START Records for this task
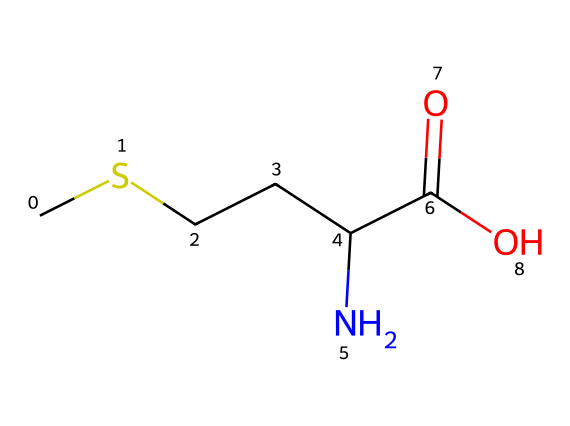What is the name of this chemical? The SMILES representation provided corresponds to methionine, which is a well-known essential amino acid. This can be verified by recognizing the presence of the sulfur atom (S) along with the characteristic amino acid structure (amino group, carboxylic acid, and side chain).
Answer: methionine How many carbon atoms are in methionine? By examining the SMILES representation, we can count the carbon symbols (C). The structure contains five carbon atoms in total, including those in the main chain and the side chain.
Answer: 5 What functional groups are present in this molecule? The SMILES indicates the presence of a carboxylic acid group (-COOH, seen in "C(=O)O") and an amino group (-NH2, seen in "C(N)"). These groups define the molecule as an amino acid.
Answer: carboxylic acid and amino group Is methionine a polar or non-polar molecule? The presence of the polar amino and carboxylic groups typically indicates that the molecule is polar. Additionally, the sulfur atom in the side chain contributes to its overall polarity, making methionine act as a polar amino acid.
Answer: polar What is the significance of the sulfur atom in methionine? The sulfur atom in methionine is crucial as it plays a significant role in sulfur-containing compounds in biological processes. This includes its role in the synthesis of proteins and its function in methylation reactions, which are key for cognitive functions.
Answer: biological significance
END Records for this task
Requirement — Show each line in the data where the string "biological" appears.

Solution for this problem —
Answer: polar What is the significance of the sulfur atom in methionine? The sulfur atom in methionine is crucial as it plays a significant role in sulfur-containing compounds in biological processes. This includes its role in the synthesis of proteins and its function in methylation reactions, which are key for cognitive functions.
Answer: biological significance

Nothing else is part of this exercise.